Dentre elas, pode-se destacar que, conforme a revista Agitação nº 56 de março e
abril de 2004: “Se não estivessem estagiando, 35% dos jovens estariam em casa;
27% fazendo cursos e 20% atuando fora da área de interesse”. O que está faltando
na formação prática do aluno?
Estes números revelam, primeiramente, que o estudante desloca o seu foco para
outro tipo de atividade que não a de interesse específico, de acordo com os
objetivos que têm em mente. Nota-se ainda, a possibilidade de o jovem manter-se
ocioso, em 1/3 dos casos, reduzindo assim, as suas chances de exercer na
prática, aquilo que vem aprendendo de forma teórica. E, ainda, neste período de
desenvolvimento, os jovens encontram-se com muita energia e disposição para
oferecer, entretanto, podem ter que reduzir a sua velocidade, pisando no freio
das ações práticas. Estas circunstâncias limitantes podem gerar alguns
sentimentos de frustração, descrédito, impotência, baixa auto-estima etc. Podem
também, em alguns casos, servir de provocação, e alavancar uma resposta
contrária: a de superação.
Outros itens a se considerar são o adquirir experiência e aprendizado,
levando 31% dos entrevistados a se identificar com estes objetivos. Outros 17%
indicaram a bolsa-auxílio como uma finalidade em destaque. Entrar no mercado de
trabalho recebeu 16% de interesse dos jovens. A parcela de 10% deveu-se à
vontade de praticar as aulas teóricas. E, por último, com equivalentes 6%, ficou
apontado que ajudar nas despesas financeiras, e cumprir carga horária para a
conclusão do curso, são finalidades a serem perseguidas pelos estudantes
pesquisados.
Percebe-se que boa parte dos estudantes objetiva a experiência e o
aprendizado prático. E, uma parcela almeja entrar no mercado de trabalho,
através de alguma oportunidade. Todavia, resta a outra parte dos estudantes, e
este mesmo mercado, em sua maioria, exige um bom grau de experiência enquanto
requisito para os candidatos a alguma vaga de trabalho. Como administrar e
minimizar este contraste?
É claro que os interesses pessoais de cada jovem encontram-se em questão
neste cenário mercadológico, observando-se a relação ensino-emprego. Aqueles que
buscam com melhor direcionamento e vontade tendem a destacar-se e aumentar as
suas chances de conseguir um trabalho. Então, a sociedade depara-se com um
problema. Não de mercado exatamente, mas de formação e orientação. Crê-se apenas
na carga de informações dadas aos alunos, e avisos que o mercado emite sobre as
suas dificuldades, como elementos capazes de fazer o jovem refletir e tomar
alguma decisão decorrente. No entanto, não são suficientes o conhecimento
adquirido e a visão que se tem acerca do mercado de trabalho.
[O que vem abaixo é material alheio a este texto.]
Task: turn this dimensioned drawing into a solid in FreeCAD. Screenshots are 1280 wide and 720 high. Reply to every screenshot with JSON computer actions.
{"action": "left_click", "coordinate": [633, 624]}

Há, portanto, um distanciamento entre o aluno e a sua prática profissional.
Demanda-se uma nova postura ante estes fatos, levando-se a uma reavaliação na
maneira de se formar e orientar os jovens estudantes. As instituições de ensino
podem ser a grande chave para a melhoria da relação ensino-trabalho.
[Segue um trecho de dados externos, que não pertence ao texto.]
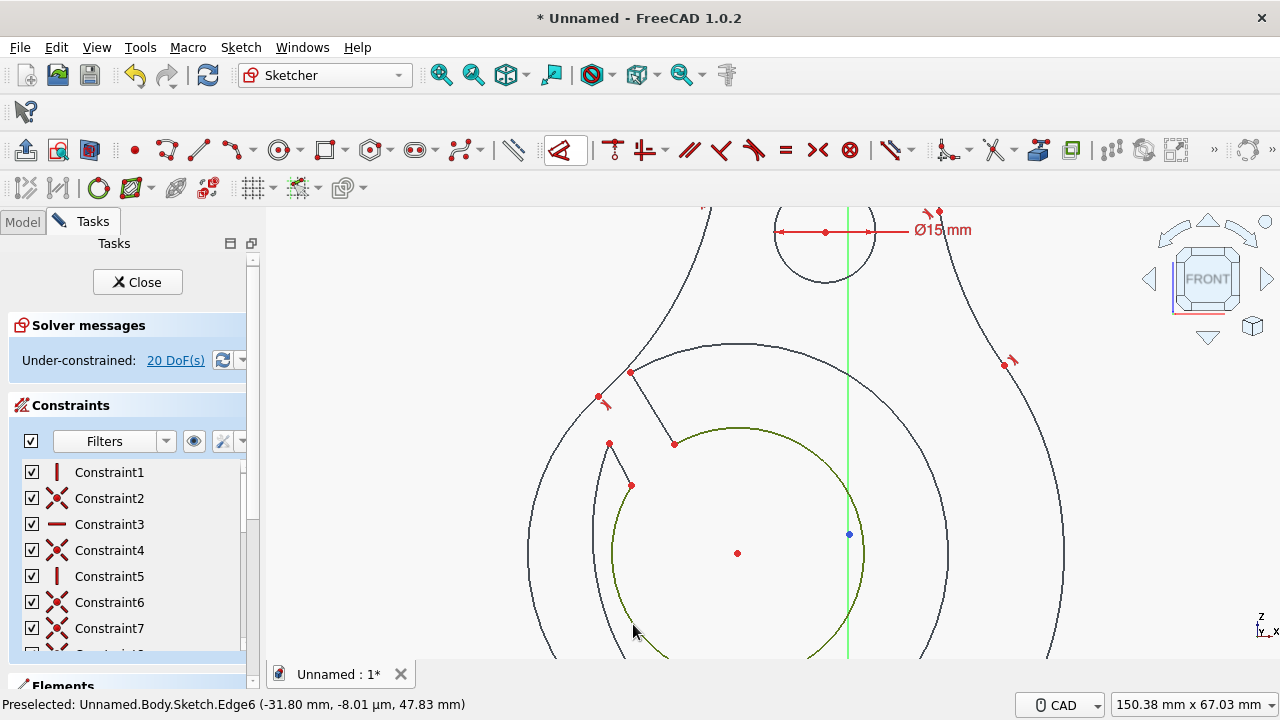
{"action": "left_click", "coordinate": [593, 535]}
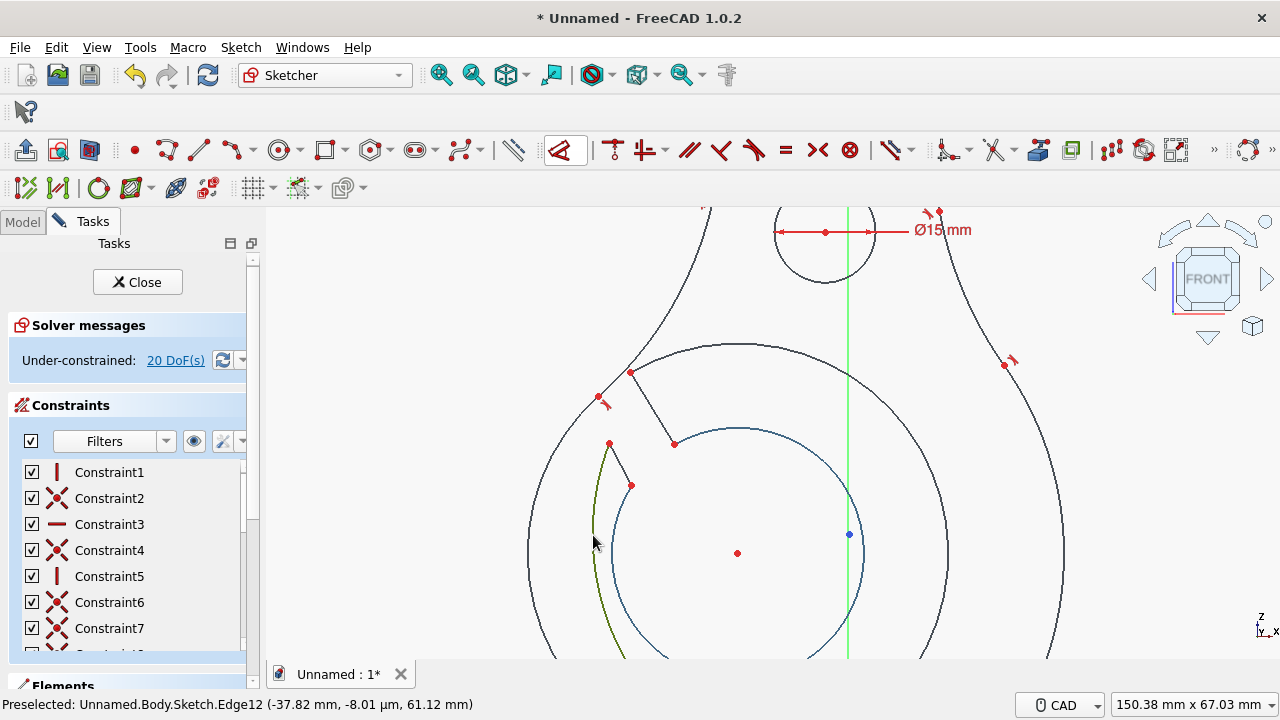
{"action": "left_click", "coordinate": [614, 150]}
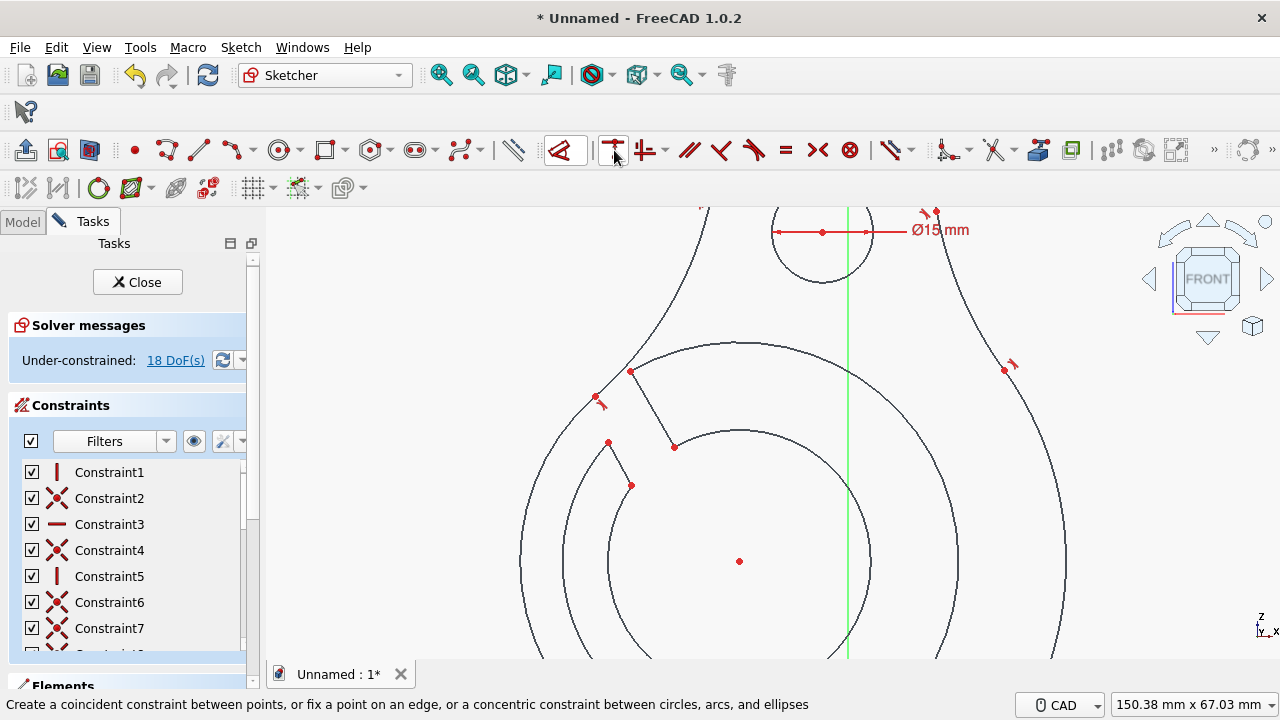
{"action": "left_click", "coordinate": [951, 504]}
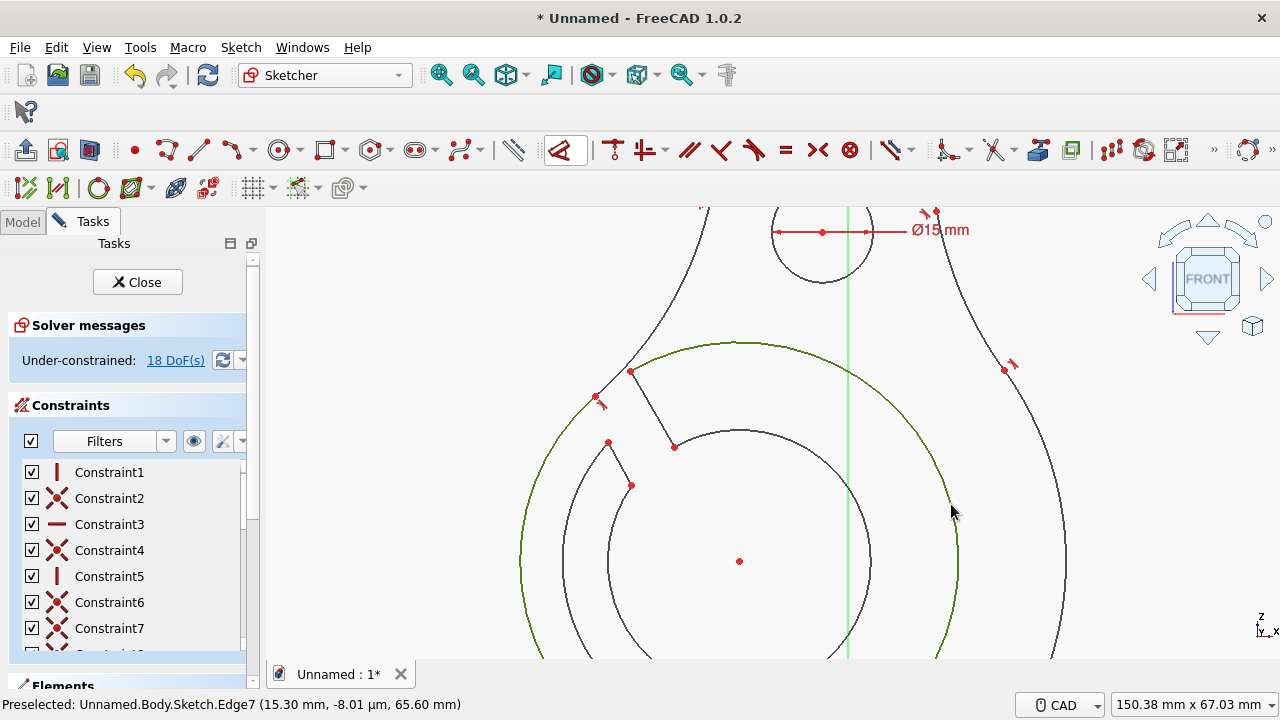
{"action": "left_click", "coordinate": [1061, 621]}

Já existe uma metodologia que se aplica aos alunos, levando todos, sem
exceção, à prática profissional, através de estágio interno
acadêmico-profissionalizante. Há uma estrutura montada dentro da instituição
educadora, com todos os detalhes, proporcionando assim, o exercício da vida
profissional. Os alunos são acompanhados diretamente pelos seus professores e
supervisores, em horário de aula, reservado para este fim. As atividades
transcorrem dentro da formação acadêmica, dos valores éticos, dos resultados
necessários, da tecnologia, do planejamento, do organograma comum a uma
organização etc.
Por sorte, é um fato a existência deste tipo de faculdade, que utiliza este
modelo formador, cujos objetivos são o de levar a díade teoria-prática por meio
da sua empresa Jr. à formação de seu corpo estudantil. Desenvolvem-se reuniões,
coordenações e lideranças, habilidades práticas aliadas ao método e a literatura
científica, sem perder de vista a naturalidade e o vigor com o qual os jovens
depositam os seus esforços e esperanças. A qualquer momento eles podem oferecer
os seus serviços para o exigente mercado, pois que a sua confiança e a
habilidade encontrar-se-ão mais plenamente desenvolvidas.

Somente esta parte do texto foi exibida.